How do you count the price for time you take to prepare, travel to the location... etc?
If you're spending hours and hours planning for a shoot, you can charge for a creative production fee (which would be either the same rate as your hourly rate.) But to be perfectly honest, I'm pretty lax about pricing out everything to the dime. I did a campaign shoot recently where my team and I spent 20 hours creating a shot list broken down by the minute and I didn't bill the client because they were already paying me a day rate and I just wanted the shoot to look amazing. So pick and choose your battle kiddies.
As for travel to location, I've billed clients before for parking if I need to pay for parking, but it also depends on the client. (At the end of the day is $10 really that big of a deal if they're paying you for a big job?) If I were to travel from LA to Palm Springs, I would charge my hourly for the time it took me to get there and for gas. (Miles traveled x gas price + hourly rate.)
How do you charge when you travel with the client?
When a client pays you to travel with them, at the minimum they should cover everything from food & travel expenses (uber) to hotel and flights. Then from there, I just charge for the hours I shot while traveling with them + price per photo. I love traveling so when I get to go to cool places I just take traveling as a loss in exchange for getting to go somewhere super cool. (Because let's face it, you can make more at home working than traveling. I also can't answer emails and coordinate with clients as much as if I was back in my office.)
What do I do when a client asks for raw photos? Do I charge?
Yes! The best advice I got was to charge a processing fee for raw images. These are BIG files you have to send over or hand over to the client. Typically when a client books you, they're paying you for your edited photos and that's how you make money -- so if they ask for raws too, then you need to charge at least a processing fee. (I recommend charging something small, like $1/photo lol. Typically when clients ask for raws, it's usually 300-1000 raw images so something small like $1/photo is easy to calculate.)
That being said, I've personally never charged a client for a processing fee for raw images because I end up getting along with the client and I just don't want to go through the hassle of tacking on an additional charge. I'm the type that's firm on my hourly rate-- but once I take on a client, I try to be very accommodating. Like I said, pick and choose your battles.
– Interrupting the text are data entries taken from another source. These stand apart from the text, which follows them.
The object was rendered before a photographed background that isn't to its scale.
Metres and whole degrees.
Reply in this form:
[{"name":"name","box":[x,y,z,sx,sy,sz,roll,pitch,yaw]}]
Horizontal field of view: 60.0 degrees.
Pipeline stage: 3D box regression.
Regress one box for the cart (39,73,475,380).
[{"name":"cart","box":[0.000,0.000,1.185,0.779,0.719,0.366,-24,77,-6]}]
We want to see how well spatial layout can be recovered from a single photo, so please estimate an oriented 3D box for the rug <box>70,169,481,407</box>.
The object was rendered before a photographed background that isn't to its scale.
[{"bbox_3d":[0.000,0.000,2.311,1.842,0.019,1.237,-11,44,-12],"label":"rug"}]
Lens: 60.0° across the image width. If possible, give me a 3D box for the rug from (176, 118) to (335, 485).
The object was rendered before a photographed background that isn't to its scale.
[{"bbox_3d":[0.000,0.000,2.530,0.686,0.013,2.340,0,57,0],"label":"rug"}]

I don't typically get clients now that ask for raw files-- people come to me for the full package, shooting and post production. What are they going to do with 10 extra options of the same pose that's unedited?
What about paying for usage?
I've never had a client ask about usage, and generally when they ask me about usage I just shrug and let them have the rights to the photos forever. (I'm a dgaf photographer lol.) But then again, I don't book ginormous Nike campaigns that need usage writes written in the fine print. This article I found is super helpful to understanding usage for you guys to just get more information about this.
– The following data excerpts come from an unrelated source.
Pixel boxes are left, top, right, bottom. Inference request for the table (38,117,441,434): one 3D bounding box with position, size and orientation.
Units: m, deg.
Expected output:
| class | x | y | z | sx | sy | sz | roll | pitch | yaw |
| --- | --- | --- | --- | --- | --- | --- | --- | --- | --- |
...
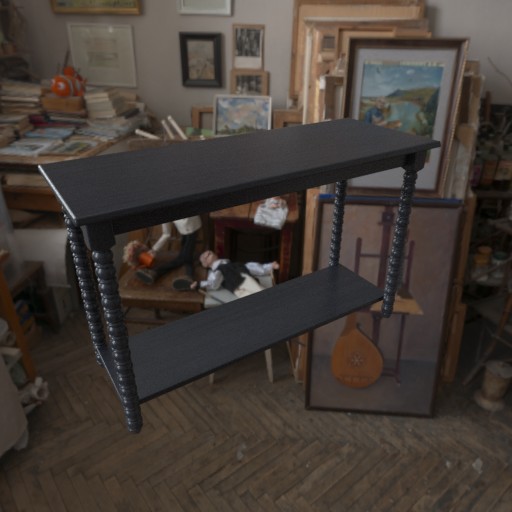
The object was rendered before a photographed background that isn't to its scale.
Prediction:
| class | x | y | z | sx | sy | sz | roll | pitch | yaw |
| --- | --- | --- | --- | --- | --- | --- | --- | --- | --- |
| table | 0.000 | 0.000 | 1.543 | 1.184 | 0.735 | 0.459 | -17 | 33 | -28 |

Do I need to send OUT invoices and what is the best form of payment?
I don't accept venmo as payment. And if it's a professional client, they typically wouldn't pay on Venmo. A great website I use is "Hello Bonsai." This is a web tool that helps you send out invoices, keep track of invoices, how much you've made per month, and facilitate payments from clients. Via Hello Bonsai you can select paypal as payment, or checks or credit card so it's super helpful. I love this because it marks off when a client has paid an invoice, and if they haven't, it'll send a reminder that it's overdue.
If you're going to send out an invoice using Google docs, at least change the colors around so it doesn't look super obvious that it's a Google doc template. (So it doesn't seem like it's your first day on the job, and also it's just a personal pet peeve of mine lol.)
Phew okay! So that's my two cents on shooting and pricing as a photographer. If you guys have any specific questions feel free to leave it in the comments below and I'll answer them next week in a part 2 pricing blogpost! Thanks guys love you!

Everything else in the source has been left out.